I am a Human Resources Staffing Specialist who also happens to be a college student. I’m doing a research project on the 80-hour workweek and I’m trying to get some additional information. Do you happen to know where I might find how hospitals are going to comply with this rule? At my hospital, a large academic medical center in Philadelphia, we are planning on utilizing nurse practitioners and physician’s assistants to make up the difference. My project is going to focus on how hospitals are planning to make up the hours lost by the residents as well as a cost analysis. Obviously, this rule will have a major financial impact on hospitals, large and small.

Tip O’Neill (from Speaker of the House) once said – “All politics is local”. I suspect that you will find a wide variety of solutions to the 80 hour workweek problem. You will find variations within the same hospital. Let me try to clarify a bit.
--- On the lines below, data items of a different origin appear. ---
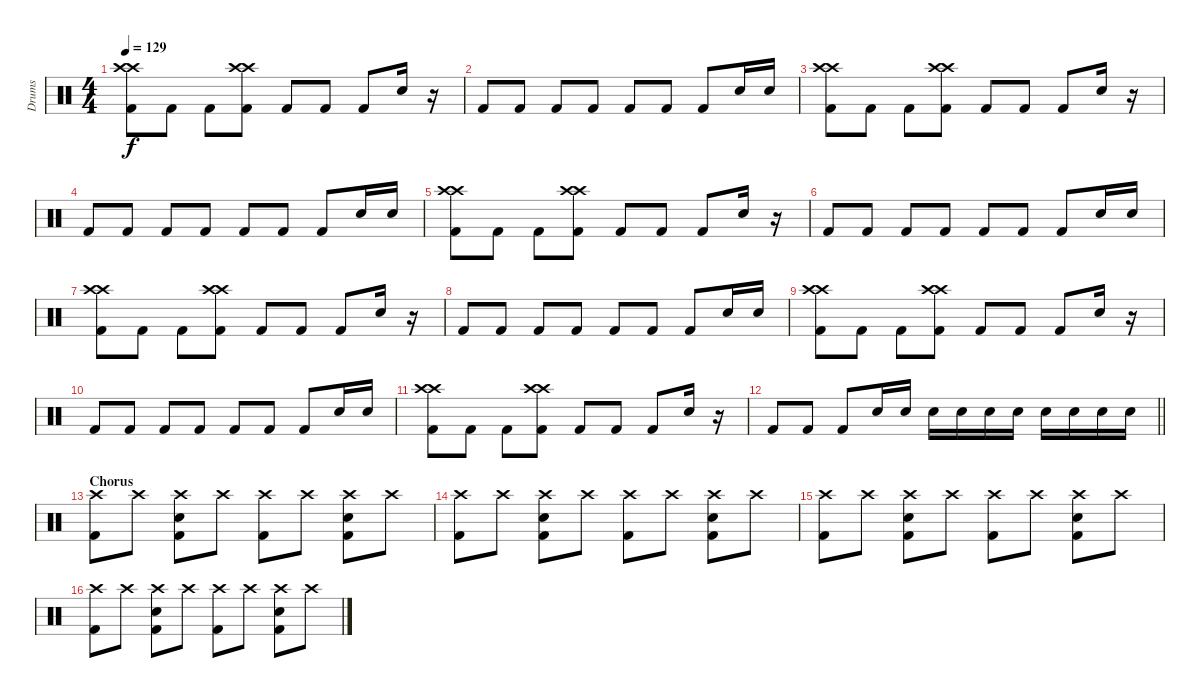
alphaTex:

\track ("Drums" "Drums") {instrument percussion}
\staff {score}
\articulation defaults
\ts (4 4)
\tempo 129
\clef neutral
\ks c
("Crash high (hit)" "Crash high (hit)" "Kick (hit) 2").8{dy f} "Kick (hit) 2".8 "Kick (hit) 2".8 ("Crash high (hit)" "Crash high (hit)" "Kick (hit) 2").8 "Kick (hit) 2".8 "Kick (hit) 2".8 "Kick (hit) 2".8 "Snare (hit) 2".16 r.16 |
"Kick (hit) 2".8 "Kick (hit) 2".8 "Kick (hit) 2".8 "Kick (hit) 2".8 "Kick (hit) 2".8 "Kick (hit) 2".8 "Kick (hit) 2".8 "Snare (hit) 2".16 "Snare (hit) 2".16 |
("Crash high (hit)" "Crash high (hit)" "Kick (hit) 2").8 "Kick (hit) 2".8 "Kick (hit) 2".8 ("Crash high (hit)" "Crash high (hit)" "Kick (hit) 2").8 "Kick (hit) 2".8 "Kick (hit) 2".8 "Kick (hit) 2".8 "Snare (hit) 2".16 r.16 |
"Kick (hit) 2".8 "Kick (hit) 2".8 "Kick (hit) 2".8 "Kick (hit) 2".8 "Kick (hit) 2".8 "Kick (hit) 2".8 "Kick (hit) 2".8 "Snare (hit) 2".16 "Snare (hit) 2".16 |
("Crash high (hit)" "Crash high (hit)" "Kick (hit) 2").8 "Kick (hit) 2".8 "Kick (hit) 2".8 ("Crash high (hit)" "Crash high (hit)" "Kick (hit) 2").8 "Kick (hit) 2".8 "Kick (hit) 2".8 "Kick (hit) 2".8 "Snare (hit) 2".16 r.16 |
"Kick (hit) 2".8 "Kick (hit) 2".8 "Kick (hit) 2".8 "Kick (hit) 2".8 "Kick (hit) 2".8 "Kick (hit) 2".8 "Kick (hit) 2".8 "Snare (hit) 2".16 "Snare (hit) 2".16 |
("Crash high (hit)" "Crash high (hit)" "Kick (hit) 2").8 "Kick (hit) 2".8 "Kick (hit) 2".8 ("Crash high (hit)" "Crash high (hit)" "Kick (hit) 2").8 "Kick (hit) 2".8 "Kick (hit) 2".8 "Kick (hit) 2".8 "Snare (hit) 2".16 r.16 |
"Kick (hit) 2".8 "Kick (hit) 2".8 "Kick (hit) 2".8 "Kick (hit) 2".8 "Kick (hit) 2".8 "Kick (hit) 2".8 "Kick (hit) 2".8 "Snare (hit) 2".16 "Snare (hit) 2".16 |
("Crash high (hit)" "Crash high (hit)" "Kick (hit) 2").8 "Kick (hit) 2".8 "Kick (hit) 2".8 ("Crash high (hit)" "Crash high (hit)" "Kick (hit) 2").8 "Kick (hit) 2".8 "Kick (hit) 2".8 "Kick (hit) 2".8 "Snare (hit) 2".16 r.16 |
"Kick (hit) 2".8 "Kick (hit) 2".8 "Kick (hit) 2".8 "Kick (hit) 2".8 "Kick (hit) 2".8 "Kick (hit) 2".8 "Kick (hit) 2".8 "Snare (hit) 2".16 "Snare (hit) 2".16 |
("Crash high (hit)" "Crash high (hit)" "Kick (hit) 2").8 "Kick (hit) 2".8 "Kick (hit) 2".8 ("Crash high (hit)" "Crash high (hit)" "Kick (hit) 2").8 "Kick (hit) 2".8 "Kick (hit) 2".8 "Kick (hit) 2".8 "Snare (hit) 2".16 r.16 |
\barLineRight lightlight "Kick (hit) 2".8 "Kick (hit) 2".8 "Kick (hit) 2".8 "Snare (hit) 2".16 "Snare (hit) 2".16 "Snare (hit) 2".16 "Snare (hit) 2".16 "Snare (hit) 2".16 "Snare (hit) 2".16 "Snare (hit) 2".16 "Snare (hit) 2".16 "Snare (hit) 2".16 "Snare (hit) 2".16
|
\section ("" "Chorus")
("Crash high (hit)" "Kick (hit) 2").8 "Crash high (hit)".8 ("Crash high (hit)" "Snare (hit) 2" "Kick (hit) 2").8 "Crash high (hit)".8 ("Crash high (hit)" "Kick (hit) 2").8 "Crash high (hit)".8 ("Crash high (hit)" "Snare (hit) 2" "Kick (hit) 2").8 "Crash high (hit)".8 |
("Crash high (hit)" "Kick (hit) 2").8 "Crash high (hit)".8 ("Crash high (hit)" "Snare (hit) 2" "Kick (hit) 2").8 "Crash high (hit)".8 ("Crash high (hit)" "Kick (hit) 2").8 "Crash high (hit)".8 ("Crash high (hit)" "Snare (hit) 2" "Kick (hit) 2").8 "Crash high (hit)".8 |
("Crash high (hit)" "Kick (hit) 2").8 "Crash high (hit)".8 ("Crash high (hit)" "Snare (hit) 2" "Kick (hit) 2").8 "Crash high (hit)".8 ("Crash high (hit)" "Kick (hit) 2").8 "Crash high (hit)".8 ("Crash high (hit)" "Snare (hit) 2" "Kick (hit) 2").8 "Crash high (hit)".8 |
("Crash high (hit)" "Kick (hit) 2").8 "Crash high (hit)".8 ("Crash high (hit)" "Snare (hit) 2" "Kick (hit) 2").8 "Crash high (hit)".8 ("Crash high (hit)" "Kick (hit) 2").8 "Crash high (hit)".8 ("Crash high (hit)" "Snare (hit) 2" "Kick (hit) 2").8 "Crash high (hit)".8

Most medicine and pediatric programs will make minor modifications, being fairly close to the 80 hour work week already. Radiology, anesthesiology and pathology should have no problems. Surgery programs will have the greatest problem, as they are currently the most frequent offender. I suspect that many programs have not really determined how they will address the new rules. And some will try to ignore these rules (see last week’s Q&A for example). Good luck in your project!

Final comments

Thanks again for the many comments and questions this week. You, the readers, make me think, keep me honest, and make this blog much better. As usual I apologize for not answering all questions or highlighting all comments. I have decided to avoid the omeprazole controversy as I have nothing else to add at this time.

Now it looks like a beautful morning in Alabama – off to the golf course (I know that is a cliche for a physician – but I really do love golf)!